Provided information ::
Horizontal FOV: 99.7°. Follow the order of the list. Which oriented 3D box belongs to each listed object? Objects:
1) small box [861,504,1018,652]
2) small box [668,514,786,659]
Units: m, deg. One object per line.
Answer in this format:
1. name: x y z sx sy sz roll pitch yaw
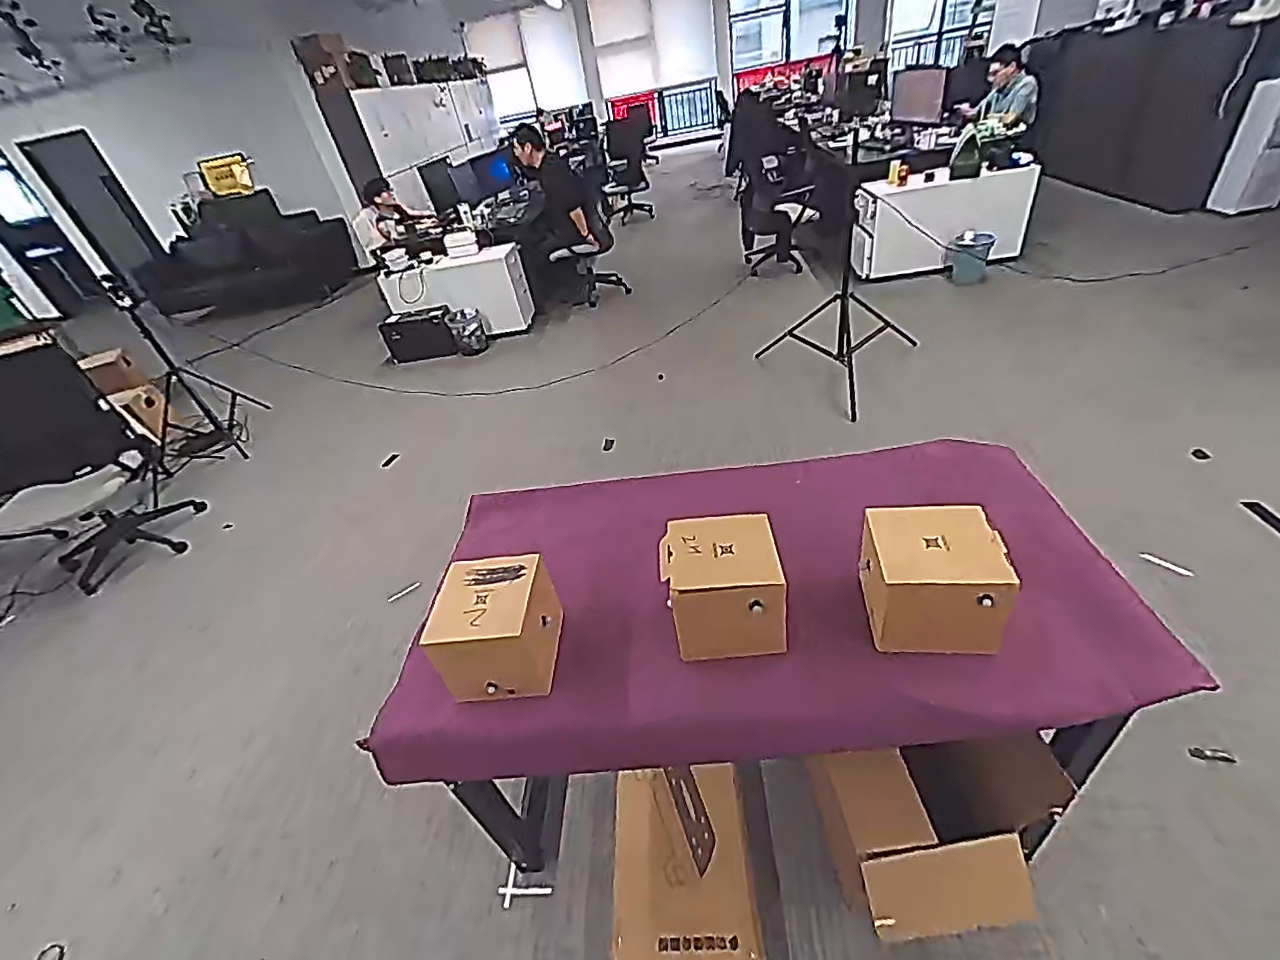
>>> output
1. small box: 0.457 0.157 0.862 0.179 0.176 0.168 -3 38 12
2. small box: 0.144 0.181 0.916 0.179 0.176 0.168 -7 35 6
---
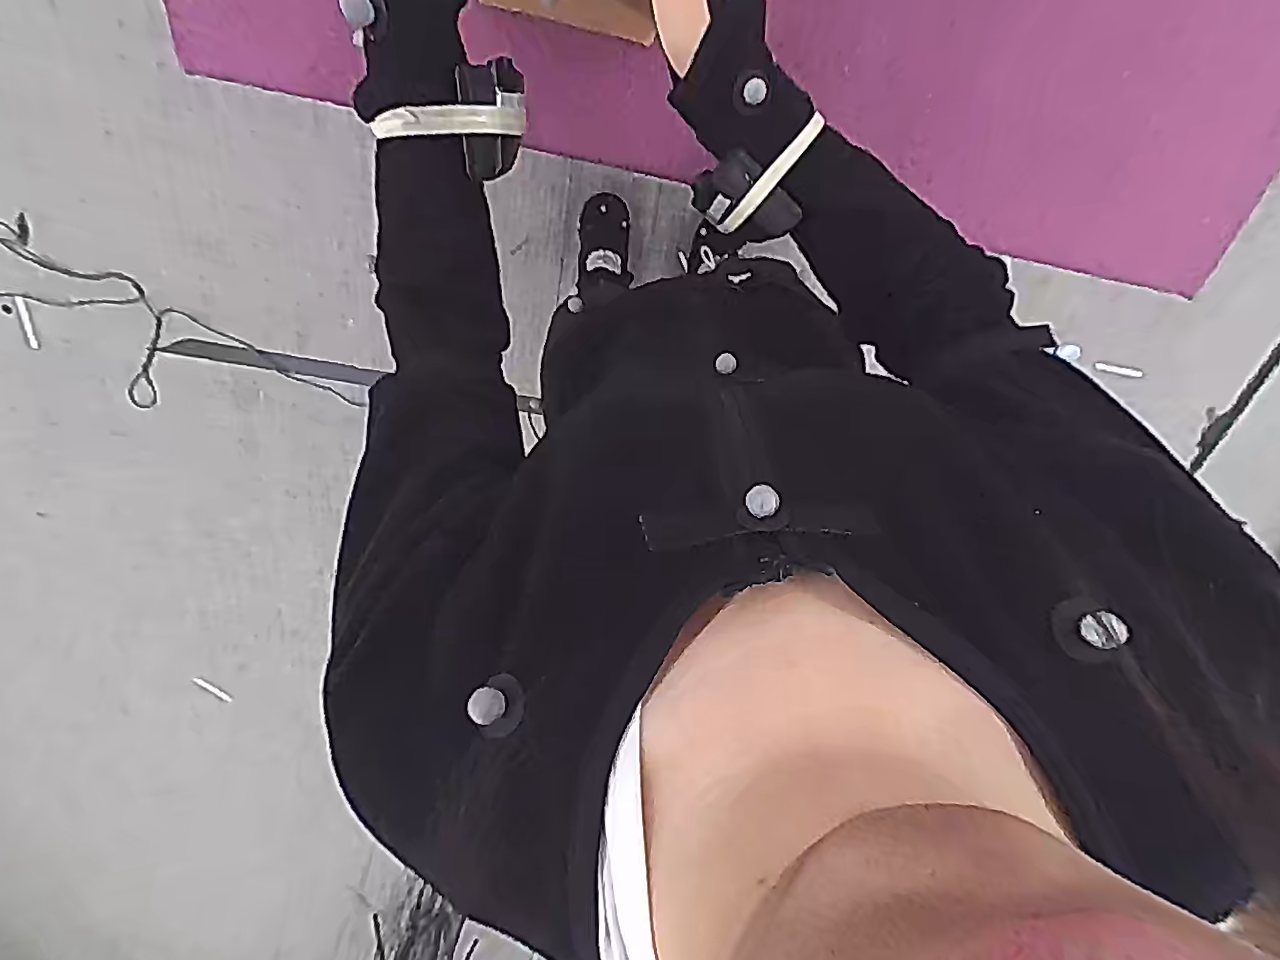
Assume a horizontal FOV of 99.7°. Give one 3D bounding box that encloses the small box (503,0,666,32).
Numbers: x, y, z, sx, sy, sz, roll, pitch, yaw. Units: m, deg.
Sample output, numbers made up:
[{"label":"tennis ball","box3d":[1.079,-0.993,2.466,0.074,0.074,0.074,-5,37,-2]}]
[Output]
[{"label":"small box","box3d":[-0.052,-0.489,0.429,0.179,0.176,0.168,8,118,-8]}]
==
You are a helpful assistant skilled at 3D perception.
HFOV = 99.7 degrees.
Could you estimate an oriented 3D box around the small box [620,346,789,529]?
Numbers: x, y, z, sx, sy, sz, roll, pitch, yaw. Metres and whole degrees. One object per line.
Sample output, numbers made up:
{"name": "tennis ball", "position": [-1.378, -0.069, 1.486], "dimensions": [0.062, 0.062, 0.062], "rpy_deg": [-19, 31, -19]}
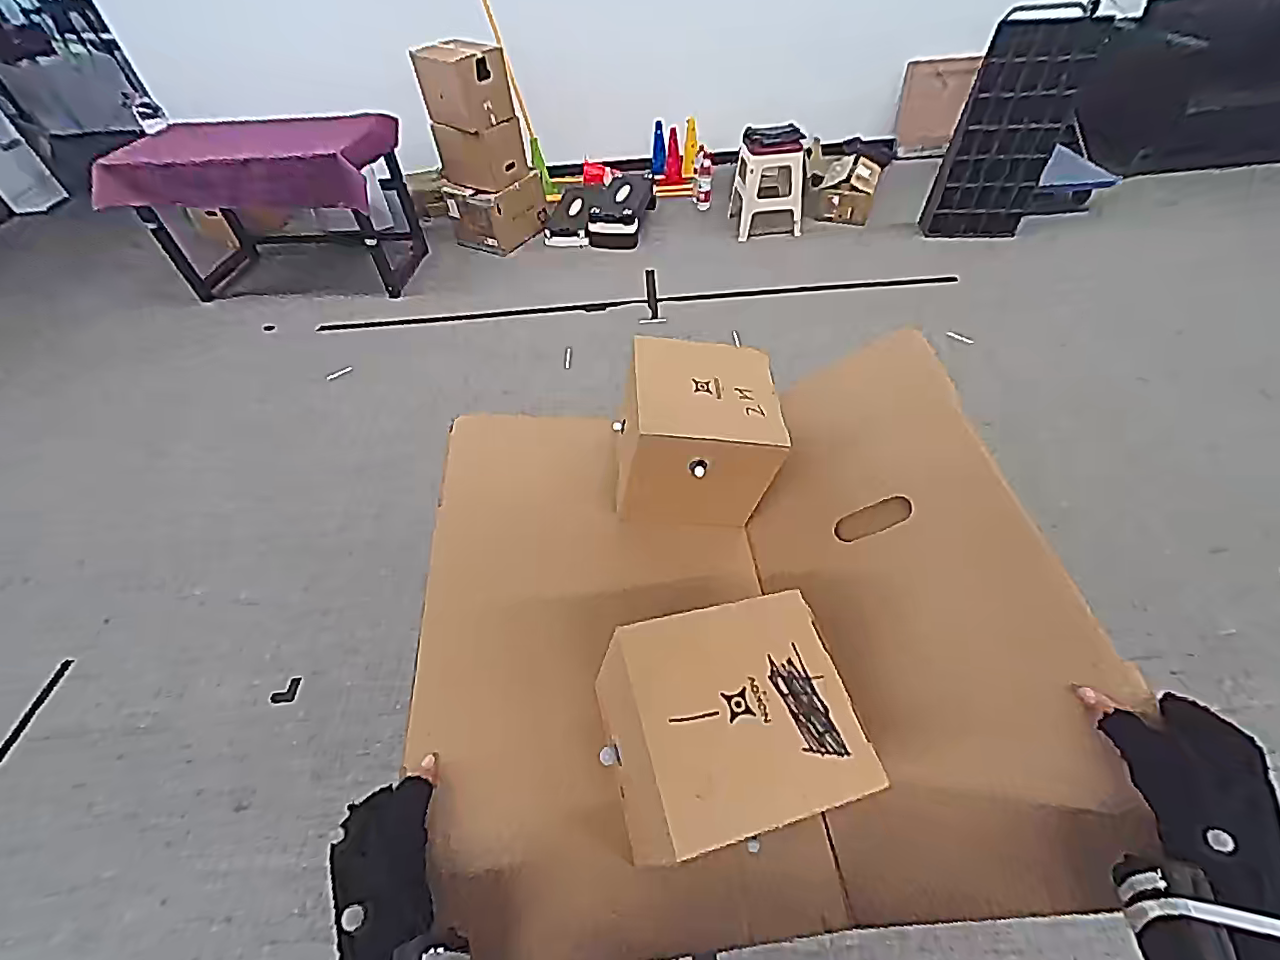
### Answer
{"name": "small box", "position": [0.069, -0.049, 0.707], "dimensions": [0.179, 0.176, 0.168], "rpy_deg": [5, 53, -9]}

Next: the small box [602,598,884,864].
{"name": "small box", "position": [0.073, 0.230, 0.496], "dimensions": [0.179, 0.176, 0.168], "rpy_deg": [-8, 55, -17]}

What to work on :: Pick each line holding "roll" out of the entries above and return it.

Response ::
1. name: x y z sx sy sz roll pitch yaw
Numbers: x, y, z, sx, sy, sz, roll, pitch, yaw. Units: m, deg.
Numbers: x, y, z, sx, sy, sz, roll, pitch, yaw. Metres and whole degrees. One object per line.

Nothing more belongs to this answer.